I am new to Quantopian . I have a csv file with date as index and 2 columns long and short each with a list of stocks : example:-
20130104 ['BABA','GOOGL','TSLA'] ['FB','TQ','ADBE']
20130105 ['FB','TSLA','QQQ'] ['TBE','QEB','SEC']

I want my program to go over the dates and buy and short the respective stocks according to column labels . In the below code how to replace the rsi with my own stocks or use the csv file to build an algo from scratch

def make_pipeline():  
    rsi = RSI()  
    return Pipeline(  
        columns={  
            'longs': rsi.top(3),  
            'shorts': rsi.bottom(3),  
        },  
    )


def rebalance(context, data):

    # Pipeline data will be a dataframe with boolean columns named 'longs' and  
    # 'shorts'.  
    pipeline_data = context.pipeline_data  
    all_assets = pipeline_data.index

    longs = all_assets[pipeline_data.longs]  
    shorts = all_assets[pipeline_data.shorts]

    record(universe_size=len(all_assets))

    # Build a 2x-leveraged, equal-weight, long-short portfolio.  
    one_third = 1.0 / 3.0  
    for asset in longs:  
        order_target_percent(asset, one_third)

    for asset in shorts:  
        order_target_percent(asset, -one_third)
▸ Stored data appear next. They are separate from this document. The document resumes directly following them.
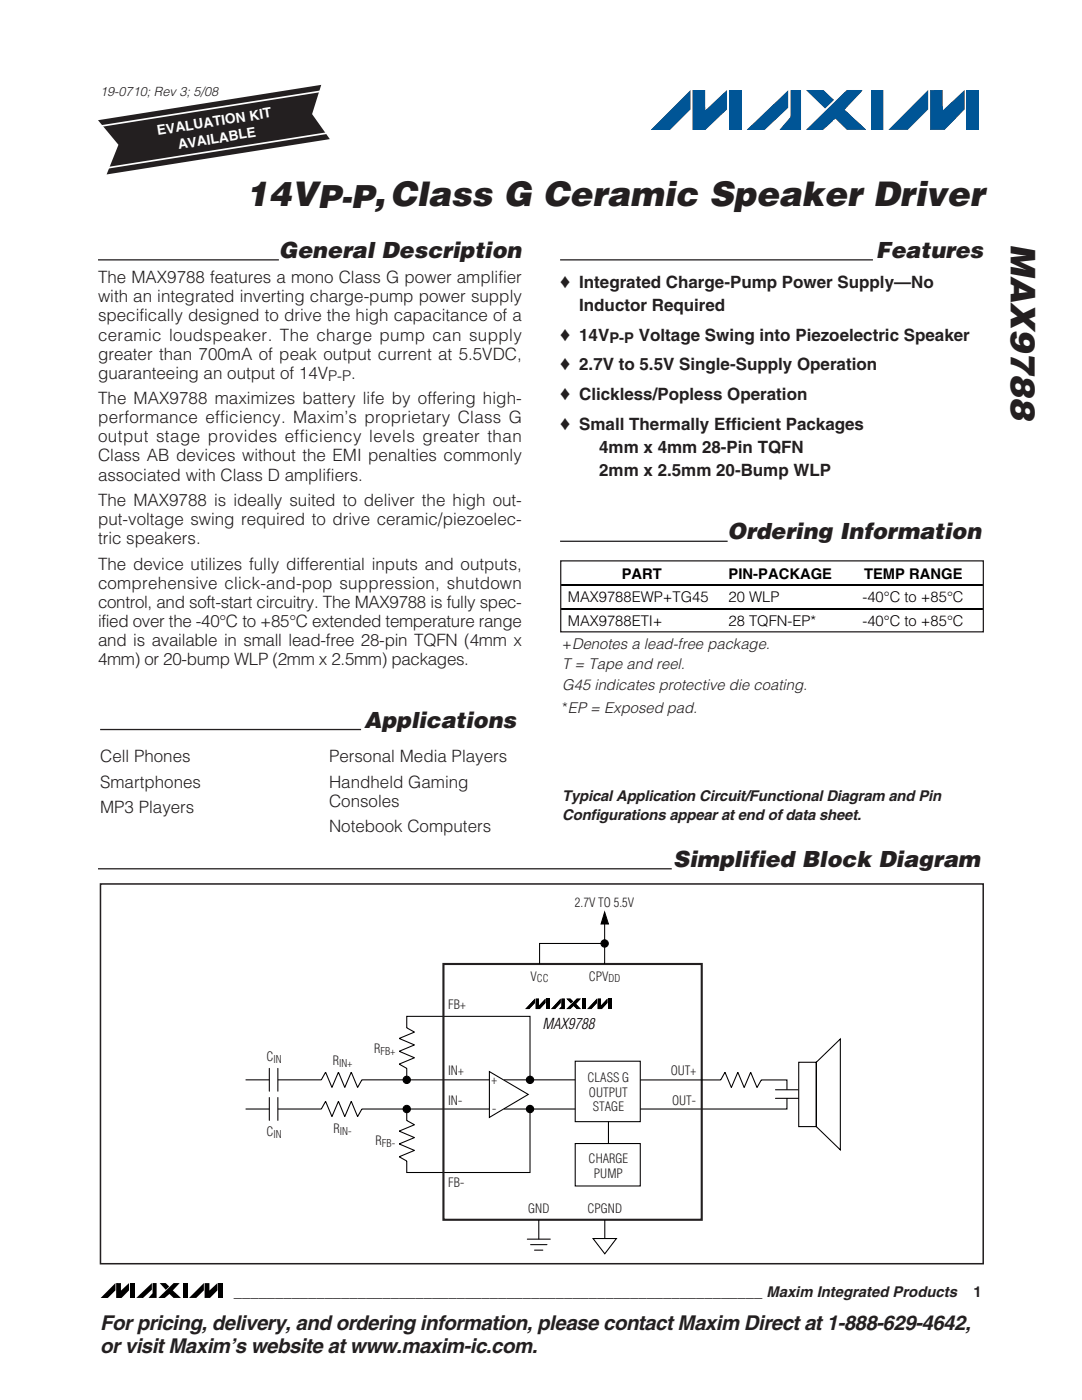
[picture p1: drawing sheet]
<svg xmlns="http://www.w3.org/2000/svg" width="216mm" height="279mm" viewBox="0 0 216 279" stroke-linecap="round" stroke-linejoin="round" font-family="sans-serif">
<defs><g id="words">
<g font-size="6.9" fill="#231f20">
<text x="49.1" y="41">14VP-P,Class G Ceramic Speaker Driver</text>
<text x="201.7" y="48.7" transform="rotate(90 201.7 48.7)">MAX9788</text>
</g>
<g font-size="4.5" fill="#231f20">
<text x="55.7" y="51.5">General Description</text>
<text x="174.8" y="51.5">Features</text>
<text x="145.2" y="107.6">Ordering Information</text>
<text x="72.6" y="145.2">Applications</text>
<text x="134.3" y="173">Simplified Block Diagram</text>
</g>
<g font-size="4.2" fill="#231f20">
<text x="20" y="265.4">For pricing, delivery, and ordering information, please contact Maxim Direct at 1-888-629-4642,</text>
<text x="20" y="270">or visit Maxim’s website at www.maxim-ic.com.</text>
</g>
<g font-size="3.4" fill="#231f20">
<text x="19.6" y="56.5">The MAX9788 features a mono Class G power amplifier</text>
<text x="111.8" y="57.4">♦ Integrated Charge-Pump Power Supply—No</text>
<text x="19.6" y="60.4">with an integrated inverting charge-pump power supply</text>
<text x="19.6" y="64.2">specifically designed to drive the high capacitance of a</text>
<text x="115.6" y="62">Inductor Required</text>
<text x="19.6" y="68">ceramic loudspeaker. The charge pump can supply</text>
<text x="19.6" y="71.8">greater than 700mA of peak output current at 5.5VDC,</text>
<text x="111.8" y="68">♦ 14V</text>
<text x="127.5" y="68">Voltage Swing into Piezoelectric Speaker</text>
<text x="19.6" y="75.6">guaranteeing an output of 14V</text>
<text x="70.1" y="75.6">.</text>
<text x="111.8" y="73.9">♦ 2.7V to 5.5V Single-Supply Operation</text>
<text x="19.6" y="80.7">The MAX9788 maximizes battery life by offering high-</text>
<text x="111.8" y="79.8">♦ Clickless/Popless Operation</text>
<text x="19.6" y="84.5">performance efficiency. Maxim’s proprietary Class G</text>
<text x="19.6" y="88.3">output stage provides efficiency levels greater than</text>
<text x="111.8" y="85.8">♦ Small Thermally Efficient Packages</text>
<text x="19.6" y="92.1">Class AB devices without the EMI penalties commonly</text>
<text x="19.6" y="95.9">associated with Class D amplifiers.</text>
<text x="119.6" y="90.4">4mm x 4mm 28-Pin TQFN</text>
<text x="119.6" y="95.1">2mm x 2.5mm 20-Bump WLP</text>
<text x="19.6" y="101">The MAX9788 is ideally suited to deliver the high out-</text>
<text x="19.6" y="104.8">put-voltage swing required to drive ceramic/piezoelec-</text>
<text x="19.6" y="108.6">tric speakers.</text>
<text x="19.6" y="113.7">The device utilizes fully differential inputs and outputs,</text>
<text x="19.6" y="117.5">comprehensive click-and-pop suppression, shutdown</text>
<text x="19.6" y="121.3">control, and soft-start circuitry. The MAX9788 is fully spec-</text>
<text x="19.6" y="125.1">ified over the -40°C to +85°C extended temperature range</text>
<text x="19.6" y="128.9">and is available in small lead-free 28-pin TQFN (4mm x</text>
<text x="19.6" y="132.7">4mm) or 20-bump WLP (2mm x 2.5mm) packages.</text>
<text x="20" y="152.1">Cell Phones</text>
<text x="65.7" y="152.1">Personal Media Players</text>
<text x="20" y="157.2">Smartphones</text>
<text x="65.7" y="157.2">Handheld Gaming</text>
<text x="65.7" y="161">Consoles</text>
<text x="20" y="162.3">MP3 Players</text>
<text x="65.7" y="166.1">Notebook Computers</text>
</g>
<g font-size="3" fill="#231f20">
<text x="121.6" y="68.4">P-P</text>
<text x="65.5" y="76">P-P</text>
<text x="112.2" y="129.5">+Denotes a lead-free package.</text>
<text x="112.2" y="137.6">G45 indicates protective die coating.</text>
<text x="112.2" y="133.6">T = Tape and reel.</text>
<text x="112.2" y="142.3">*EP = Exposed pad.</text>
<text x="112.2" y="159.8">Typical Application Circuit/Functional Diagram and Pin</text>
<text x="112.2" y="163.6">Configurations appear at end of data sheet.</text>
<text x="46.7" y="258.8">________________________________________________________________ Maxim Integrated Products</text>
<text x="194.3" y="258.8">1</text>
</g>
<text font-size="3" x="108.2" y="205.4">MAX9788</text>
<g font-size="2.9">
<text x="124.1" y="115.5">PART</text>
<text x="145.4" y="115.5">PIN-PACKAGE</text>
<text x="172.4" y="115.5">TEMP RANGE</text>
<text x="113.3" y="120.2">MAX9788EWP+TG45</text>
<text x="113.3" y="124.9">MAX9788ETI+</text>
<text x="145.4" y="124.9">28 TQFN-EP*</text>
<text x="145.4" y="120.2">20 WLP</text>
<text x="172.1" y="124.9">-40°C to +85°C</text>
<text x="172.1" y="120.2">-40°C to +85°C</text>
</g>
<g font-size="2.8" fill="#fff">
<text x="31.5" y="27" transform="rotate(-9 31.5 27)">EVALUATION KIT</text>
<text x="35.7" y="29.7" transform="rotate(-9 35.7 29.7)">AVAILABLE</text>
</g>
<text font-size="2.6" fill="#231f20" x="20" y="19.2">19-0710; Rev 3; 5/08</text>
<g font-size="2.5" fill="#231f20">
<text x="114.7" y="181">2.7V TO 5.5V</text>
<text x="105.9" y="195.7">V</text>
<text x="117.5" y="195.7">CPV</text>
<text x="89.4" y="201.4">FB+</text>
<text x="53.2" y="211.7">C</text>
<text x="66.4" y="212.5">R</text>
<text x="74.7" y="210.1">R</text>
<text x="89.4" y="214.6">IN+</text>
<text x="117.2" y="215.9">CLASS G</text>
<text x="133.8" y="214.6">OUT+</text>
<text x="89.4" y="220.5">IN-</text>
<text x="98" y="216.2">+</text>
<text x="117.5" y="218.8">OUTPUT</text>
<text x="118.3" y="221.8">STAGE</text>
<text x="134.1" y="220.5">OUT-</text>
<text x="53.2" y="226.7">C</text>
<text x="66.5" y="226.2">R</text>
<text x="98.2" y="222.1">-</text>
<text x="74.9" y="228.6">R</text>
<text x="117.5" y="232.2">CHARGE</text>
<text x="89.4" y="236.9">FB-</text>
<text x="118.5" y="235.1">PUMP</text>
<text x="105.4" y="242.1">GND</text>
<text x="117.2" y="242.1">CPGND</text>
</g>
<g font-size="2.1" fill="#231f20">
<text x="107.1" y="196">CC</text>
<text x="121.4" y="196">DD</text>
<text x="54.6" y="212.1">IN</text>
<text x="67.7" y="212.9">IN+</text>
<text x="75.9" y="210.5">FB+</text>
<text x="54.6" y="227.1">IN</text>
<text x="67.8" y="226.6">IN-</text>
<text x="76.2" y="229">FB-</text>
</g>
</g></defs>
<path d="M19.6 51.9h36M111.8 51.9h62.4" fill="none" stroke="#231f20" stroke-width=".26"/>
<g fill="#005596">
<path d="M149 25.9l8.3-7.9v3.5l-4.7 4.4z"/>
<path d="M157.7 18h2.2v7.9h-4.4l2.2-2.5z"/>
<path d="M160.8 18h3.5l2.1 1.9-1.8 1.8z"/>
<path d="M160.8 25.9l8.2-7.9h3.2l-3.6 3.9 4.3 4h-3.9l-2.3-2.2-2.5 2.2z"/>
<path d="M137.8 18v3.8l-4.1 4.1h-3.9z"/>
<path d="M138.2 18h2.5v4l4.4-4v3.8l-4.4 4.1h-2.5z"/>
<path d="M145.5 18h2.6v7.9h-2.6z"/>
<path d="M173.8 18h2.6v7.9h-2.6z"/>
<path d="M185.2 17.9v3.9l-4.1 4.1h-3.8z"/>
<path d="M185.6 18h2.6v4l4.3-4.1v3.9l-4 4.1h-2.9z"/>
<path d="M192.9 18h2.5v7.9h-2.5z"/>
</g>
<path d="M19.9 254h25.9v5.1h-25.9z" fill="#fff"/>
<g fill="#000">
<path d="M113 199.3h.8l.5 .5-.4 .4zM106.7 199.3v.9l-1.1 1.2h-.8zM106.9 199.3h.7v1.4l1.2-1.4v.9l-1.1 1.2h-.8zM109 199.3h.6v2.1h-.6zM111.9 199.3v.9l-1.1 1.2h-.8zM112 199.3h.7v2.1h-1.1l.4-.6zM115.1 199.3h.8l-1 1 1 1.1h-.8l-.7-.7-.6 .7h-.8zM116.2 199.3h.7v2.1h-.7zM119.1 199.3v.9l-1.1 1.2h-.8zM119.3 199.3h.6v1.4l1.3-1.4v.9l-1.1 1.2h-.8zM121.4 199.3h.6v2.1h-.6zM23 256.1v1.4l-1.5 1.5h-1.4z"/>
<path d="M23.2 256.1h.9v1.5l1.6-1.5v1.4l-1.4 1.5h-1.1zM25.9 256.1h1v2.9h-1zM27.2 259l3.1-2.9v1.3l-1.8 1.6zM30.4 256.1h.9v2.9h-1.7l.8-.9zM31.9 256.1h1.2l.7 .6-.7 .7zM31.6 259l3-2.9h1.3l-1.4 1.4 1.6 1.5h-1.5l-.8-.8-.9 .8zM36.4 256.1h1v2.9h-1zM40.7 256.1v1.4l-1.5 1.5h-1.5zM40.8 256.1h1v1.5l1.6-1.5v1.4l-1.5 1.5h-1.1zM43.5 256.1h1v2.9h-1z"/>
</g>
<path d="M111.8 108h33.4" fill="none" stroke="#231f20" stroke-width=".26"/>
<path d="M81.2 215.5h16.5M81.2 221.3h16.5" fill="none" stroke="#000" stroke-width=".21"/>
<path d="M97.7 213.9l7.7 4.5-7.7 4.6z" fill="#fff" stroke="#000" stroke-width=".21"/>
<g fill="none" stroke="#000" stroke-width=".21">
<path d="M120.6 188.3h-12.9v4.1M120.6 183.1v9.3M49 215.5h4.8M53.7 213.2v4.6M53.7 219v4.6M55.4 215.5h8.7M55.4 213.2v4.6M55.4 219v4.6M64.1 215.5l.9-1.5 1.2 3 1.3-3 1.3 3 1.3-3 1.3 3 .8-1.5M72.2 215.5h9v-2.3l-1.5-.8 3-1.3-3-1.3 3-1.3-3-1.3 3-1.2-1.5-.9v-2.3h24.6v12.7M100.5 215.5h14.3M114.8 211.8h13v12.1h-13z"/>
<path d="M157 219.2v2.1h-29.2M159.4 212h3.5v12.8h-3.5zM162.9 212l4.8-4.6v22.1l-4.8-4.7zM49 221.3h4.8M55.4 221.3h8.7M64.1 221.3l.9-1.5 1.2 3 1.3-3 1.3 3 1.3-3 1.3 3 .8-1.5M72.2 221.3h9v2.3l1.5 .9-3 1.2 3 1.3-3 1.3 3 1.3-3 1.3 1.5 .8M100.5 221.3h14.3M105.8 221.3v12.7h-24.6v-2.3M114.8 228.2h13v8.5h-13zM121.4 223.9v4.3M105.2 247.3h4.6"/>
<path d="M105.9 248.4h3.2M106.7 249.5h1.6M107.5 243.4v3.9M120.7 243.4v3.8"/>
</g>
<g fill="#000" stroke="#000" stroke-width=".21">
<path d="M120.6 182l.8 2.4h-1.5z"/>
<circle cx="120.6" cy="188.3" r=".73"/>
<circle cx="81.2" cy="215.5" r=".73"/>
<circle cx="105.8" cy="215.5" r=".73"/>
<circle cx="81.2" cy="221.3" r=".73"/>
<circle cx="105.8" cy="221.3" r=".73"/>
</g>
<path d="M88.5 192.4h51.5v51h-51.5z" fill="none" stroke="#231f20" stroke-width=".42"/>
<path d="M118.3 247.2h4.7l-2.3 3z" fill="#fff" stroke="#000" stroke-width=".21"/>
<path d="M127.8 215.5h16l.9-1.5 1.2 3 1.3-3 1.3 3 1.3-3 1.3 3 .8-1.5h5.1v2M154.7 219.2h4.6M154.7 217.5h4.6" fill="none" stroke="#000" stroke-width=".21"/>
<path d="M20 176.4h176.2v75.8h-176.2z" fill="none" stroke="#231f20" stroke-width=".3"/>
<path d="M19.6 173.4h114.4" fill="none" stroke="#231f20" stroke-width=".26"/>
<path d="M19.6 24l44.5-7.1-1.8 5.9 3.5 5-44.5 7 2.3-5.9z" fill-rule="evenodd" fill="#231f20"/>
<path d="M64.2 18.2l-44.1 7M65.8 26.5l-44.9 7.1" fill="none" stroke="#fff" stroke-width=".34"/>
<path d="M20 145.6h52" fill="none" stroke="#231f20" stroke-width=".26"/>
<path d="M111.9 111.9h84.3v14.2h-84.3z" fill="#fff"/>
<path d="M111.9 116.8h84.3M111.9 121.5h84.3" fill="none" stroke="#000" stroke-width=".2"/>
<path d="M111.9 111.9h84.3v14.2h-84.3z" fill="none" stroke="#231f20" stroke-width=".25"/>
<use href="#words"/>
</svg>

    # Remove any assets that should no longer be in our portfolio.  
    portfolio_assets = longs | shorts  
    positions = context.portfolio.positions  
    for asset in viewkeys(positions) - set(portfolio_assets):  
        # This will fail if the asset was removed from our portfolio because it  
        # was delisted.  
        if data.can_trade(asset):  
            order_target_percent(asset, 0)


def initialize(context):  
    attach_pipeline(make_pipeline(), 'my_pipeline')

    # Rebalance each day.  In daily mode, this is equivalent to putting  
    # `rebalance` in our handle_data, but in minute mode, it's equivalent to  
    # running at the start of the day each day.  
    schedule_function(rebalance, date_rules.every_day())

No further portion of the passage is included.